Residue additions interacted with cropping system and/or with N additions in both soils (Fig. 4). In the IAsoil, residue addition reduced k a by 58%, and removed differences in k a observed among controls with different cropping histories where k a was greater in Conv than Med and Long (Fig. 4A). Residue addition also alleviated differences in the k s observed for controls (Med>Conv) from different cropping systems (Fig. 4B). When residue and N fertilizer were applied together, N addition increased k a values of the IAsoil by 31% over the control when no residue was applied but k a remained unchanged after N addition when residue was added (Fig. 4C). There was also a significant interaction between residue addition and N fertilization on C a in the MDsoil, where residue addition prompted a smaller (2.1 fold) increase in C a in N fertilized soils and a 2.6 fold increase in unfertilized soils (Fig. 4D).

Figure 4

Interactions between residue addition and cropping system or N fertilization on C mineralization coefficients.

Different letters above bars indicate statistically significant difference at p<0.05, comparisons were made within each sub-figure.

Conclusion

This work showed that by using CEC or surface charge, rather than texture or clay content, to represent inherent differences in soil protective capacity, we were able to account for differences in C mineralization response to residue and nitrogen fertilization observed in different soil types. By using dynamic soil properties (POM, OPOM) we were able to anticipate important differences in C dynamics observed in the soils from different sites.
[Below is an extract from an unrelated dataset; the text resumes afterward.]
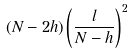Convert formula to latex. <formula><loc_0><loc_0><loc_500><loc_500>( N - 2 h ) \left ( \frac { l } { N - h } \right ) ^ { 2 }</formula>

More diverse cropping notably improved soil dynamic properties and accelerated C mineralization in the MDsoil. Use of diversified rotations produced more limited effects on dynamic properties in the IAsoil. Residue application increased the size of C a and decreased k a in both soils, but the effect was more pronounced in the IAsoil than the MDsoil. As predicted, residue addition reduced SOC loss and promoted C immobilization in OPOM in the MDsoil where SOC levels were low. The effect of residue addition on SOC loss from the IAsoil, which appears to be at or near C saturation levels, is consistent with the observations of Zhang [23] that linked high SOC to priming. The greater vulnerability of the IAsoil to C priming was not associated with POM-C levels, which were low compared to those observed in the MDsoil, but was associated with higher SOM-C:N ratios and loss from the resistant pool. Our results suggest that the proportion of SOC in POM-C does not reveal soil C saturation status in a way that can be generalized or be used on its own to predict the ability of soils to sequester or lose SOC. Use of OPOM, rather than POM or C mineralization fitted parameters, to evaluate protection by aggregates, helped resolve important differences in C cycling within the two soils. Nitrogen fertilization did not induce priming (net SOC loss or CO2 loss) from either soil; in fact, additions suppressed net C mineralization from both soils. Nitrogen addition caused increased k a in the IA soil and in C s in the MDsoil when added with residues; this indicates N might have limited early stages of decay in the IAsoil and C assimilation in the MDsoil. Future research should explore potential for use of CEC and POM to initialize, or adjust coefficients used within carbon cycle process models.